**What this task involves:**
The reply should contain every entry below exactly as written, with no images.

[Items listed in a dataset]
════

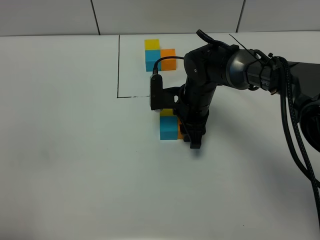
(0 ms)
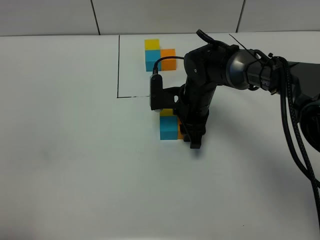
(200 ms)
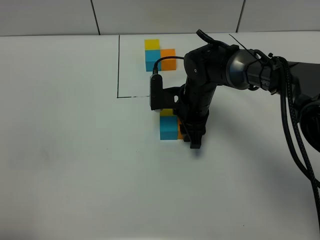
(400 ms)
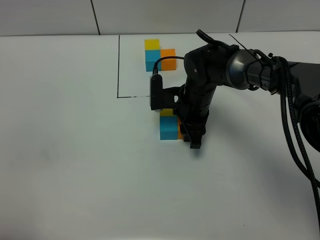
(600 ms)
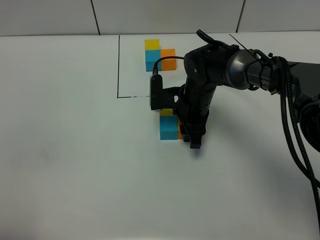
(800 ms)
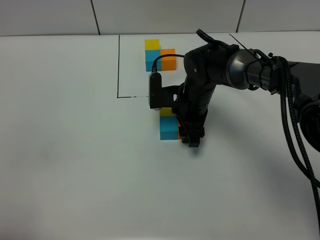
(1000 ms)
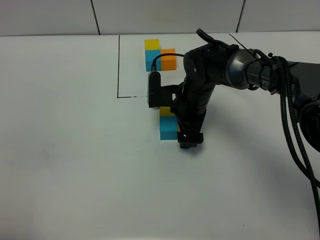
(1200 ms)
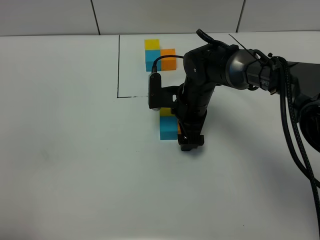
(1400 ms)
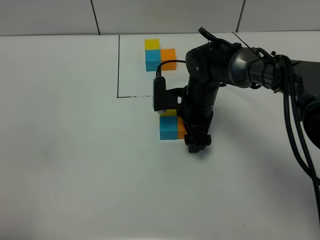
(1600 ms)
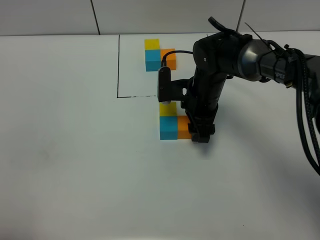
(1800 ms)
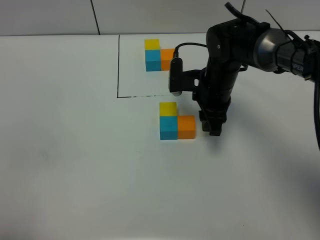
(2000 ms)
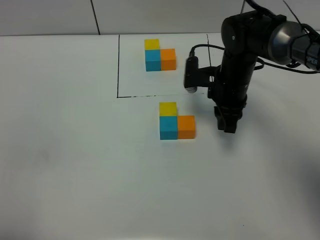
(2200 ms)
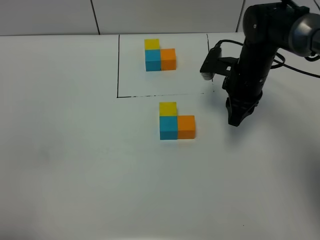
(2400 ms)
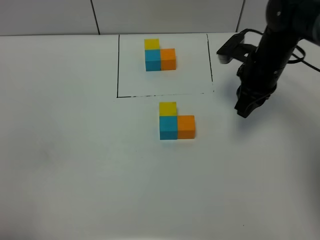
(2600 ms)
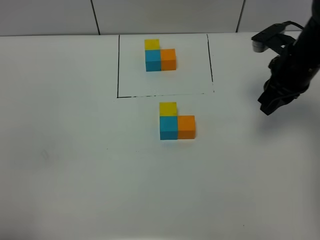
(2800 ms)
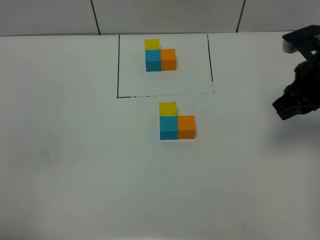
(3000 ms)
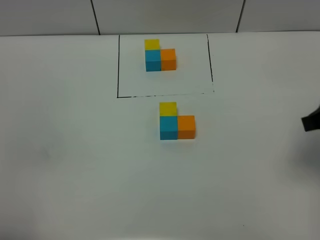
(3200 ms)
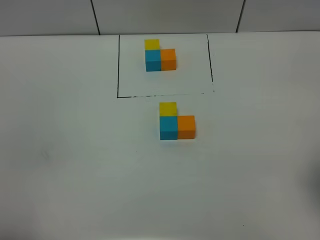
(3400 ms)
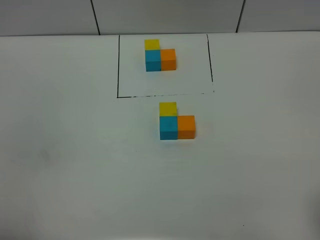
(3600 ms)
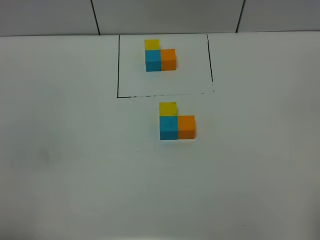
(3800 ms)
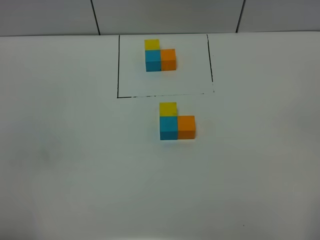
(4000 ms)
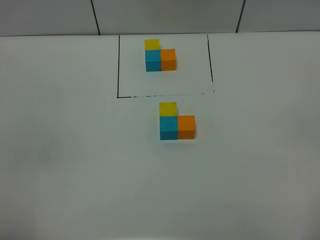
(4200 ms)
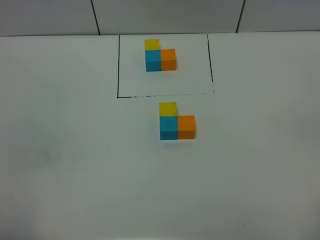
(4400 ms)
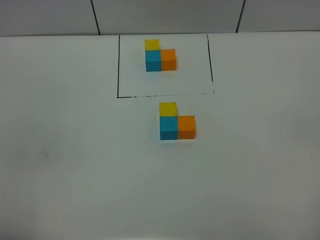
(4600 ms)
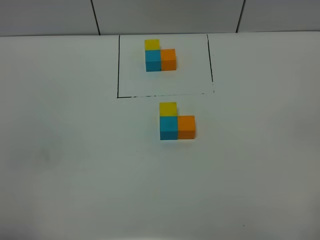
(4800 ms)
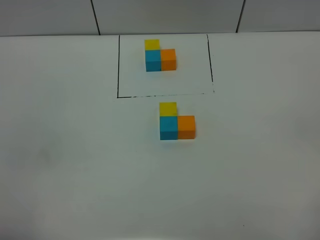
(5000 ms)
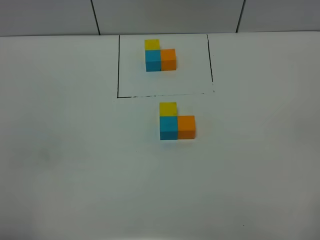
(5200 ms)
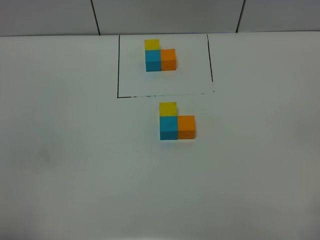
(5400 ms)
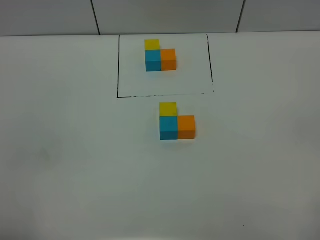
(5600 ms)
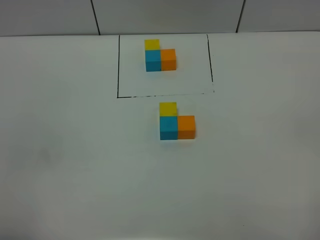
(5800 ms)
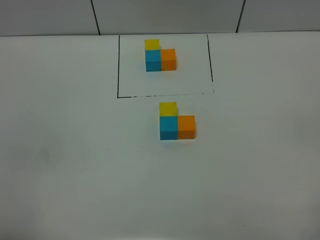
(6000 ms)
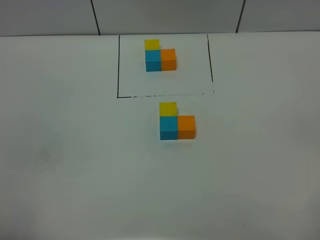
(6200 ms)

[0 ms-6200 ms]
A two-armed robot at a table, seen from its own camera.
Task of the whole recording: According to the building block template in front, assemble the scattered blocks together.
0 ms to 1600 ms: The right gripper opens up.
1600 ms to 3200 ms: The right gripper goes roughly 30 cm to the right, backward and upward, and closes.
3200 ms to 4600 ms: The right gripper moves backward, some 20 cm, and opens.
4600 ms to 6200 ms: Both grippers stay about where they are.

════

**Output of the exercise:**
(0 ms)
(200 ms)
(400 ms)
(600 ms)
(800 ms)
(1000 ms)
(1200 ms)
(1400 ms)
(1600 ms)
(1800 ms)
(2000 ms)
(2200 ms)
(2400 ms)
(2600 ms)
(2800 ms)
(3000 ms)
(3200 ms)
(3400 ms)
(3600 ms)
(3800 ms)
(4000 ms)
(4200 ms)
(4400 ms)
(4600 ms)
(4800 ms)
(5000 ms)
(5200 ms)
(5400 ms)
(5600 ms)
(5800 ms)
(6000 ms)
(6200 ms)

[0 ms-6200 ms]
A two-armed robot at a table, seen from its own camera.
Task of the whole recording: According to the building block template in front, assemble the scattered blocks together.
0 ms to 1600 ms: The right gripper opens up.
1600 ms to 3200 ms: The right gripper goes roughly 30 cm to the right, backward and upward, and closes.
3200 ms to 4600 ms: The right gripper moves backward, some 20 cm, and opens.
4600 ms to 6200 ms: Both grippers stay about where they are.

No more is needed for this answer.